Что меня выносит из стихотворения – моменты непонимания языка вообще, простых смыслов и базовых коннотаций. Особенно этим отличаются, к сожалению, переводы Марии Малиновской. В стихотворении «Заводчик черных кошек», первая строка «Carrying a fresh litter of them» переведена как «Несёт свежий кошачий наполнитель». О боги, да свежий выводок их он несет, полный карман котят, а не наполнитель для кошачьего туалета! Потом, кстати, отпускает их «to run free as a warning to me», и это не «побегать, как предостережение мне» – не побегать здесь, если побегали, то подразумевается, он их собрал потом, но: выпускает их бегать там, он навсегда выпускает этих котят свежего помета, а в следующий раз принесет еще котят, откуда иначе берутся все эти черные кошки на улицах для всех встречных! В еще одном стихотворении, «О весна», в переводе появляются «живописные дамы с плюмажем на шляпках». Представили? Как вам сказать, это были не Незнакомки Крамского, и не на шляпках они несли свои перья. И прочее, и прочее. И прочее. А если переводчик эти строки не прочитывает, то редактор должен? Остановлюсь, не то снова напишу о простых смыслах те же две, а то и больше страниц.

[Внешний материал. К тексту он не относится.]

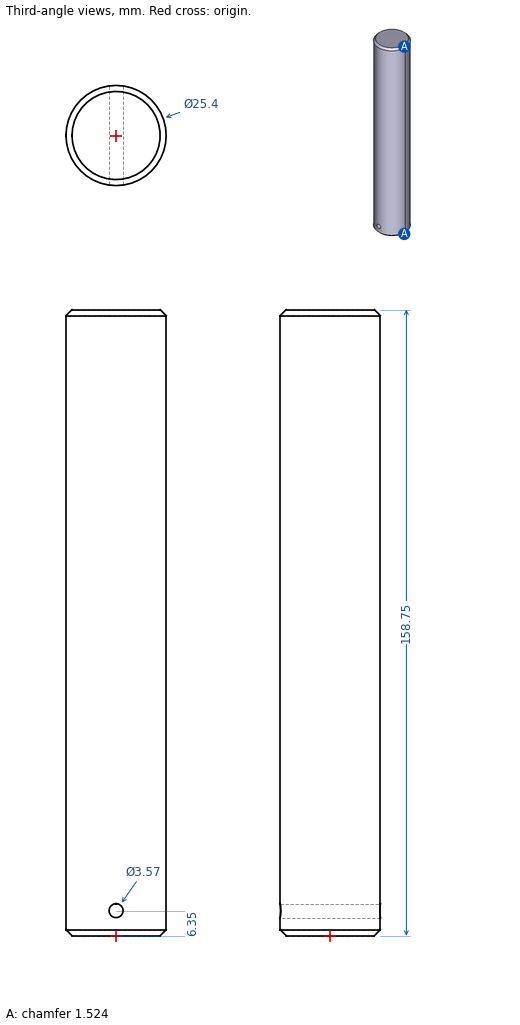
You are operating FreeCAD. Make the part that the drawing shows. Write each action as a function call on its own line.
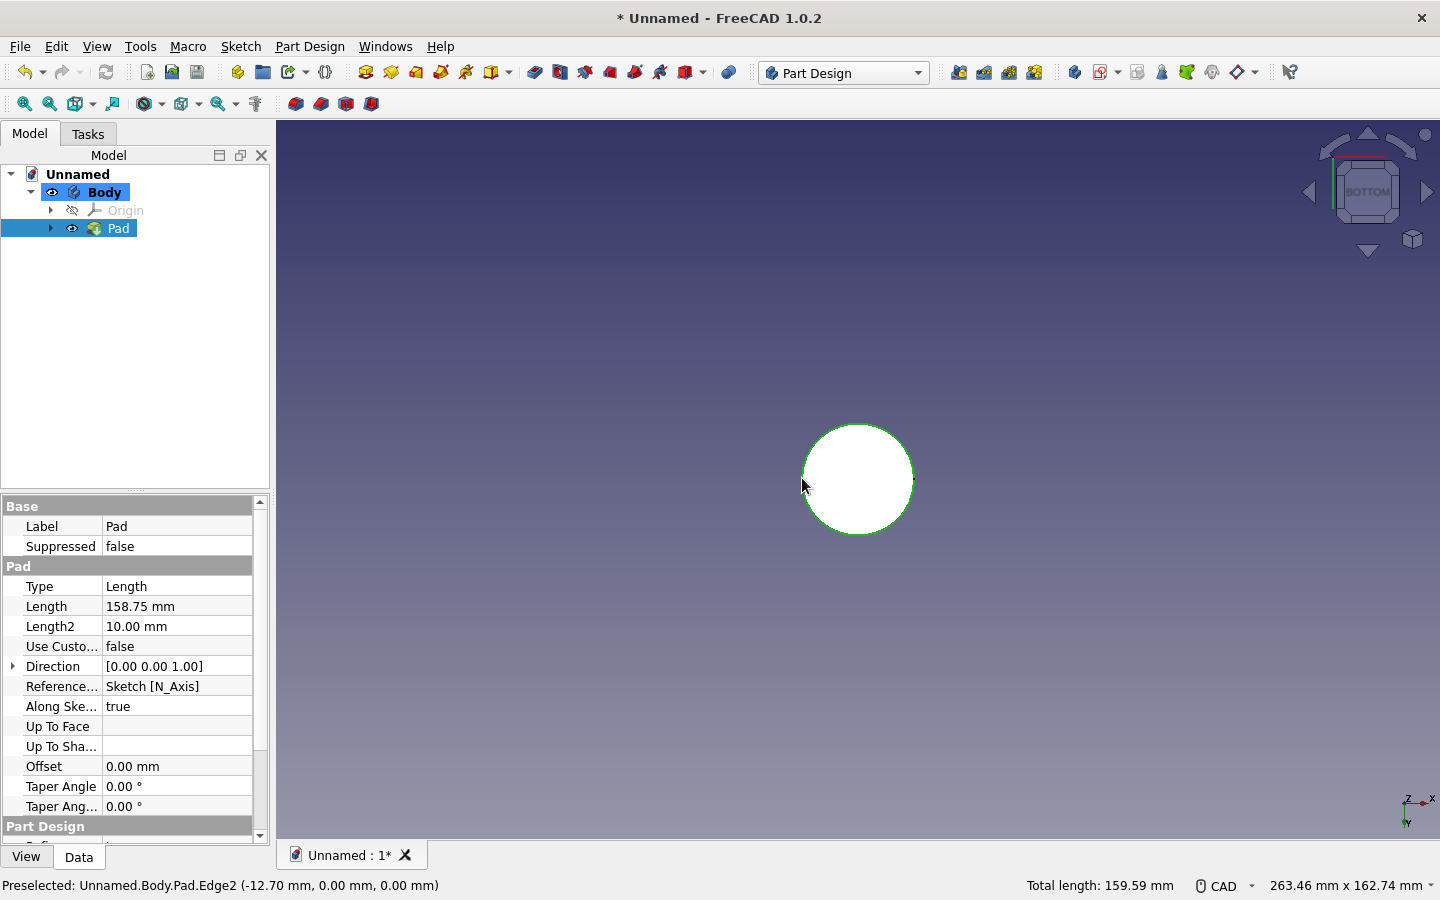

Не хочется заканчивать эти заметки ложкой дегтя. Лучше возвращусь к словам Линор Горалик о стихотворениях Чарльза Симика: «Их мизерные существования, их великие трагедии и составляют то великое богатство жизни, разговор о котором может оказаться одним из самых бесценных даров, какие поэзия способна поднести читателю». Поэт малого, вплоть до бесконечно малого, одного завитка на фрактальной раковине, тихого, вплоть до оглушенной тишины, из которой прорастают все мирные звуки мира, Чарльз Симик, вместе с переводчиками его стихотворений на русский язык, редакторами и издателями, преподносит удивительный подарок, сокровище в сорок сундуков, распахнутых перед читателем, понимает тот по-английски или нет. Читатель отныне может перебирать эти стихотворения, всматриваться и вслушиваться, пробовать их на вкус и находить свои истины в тихих истинах бытия Чарльза Симика.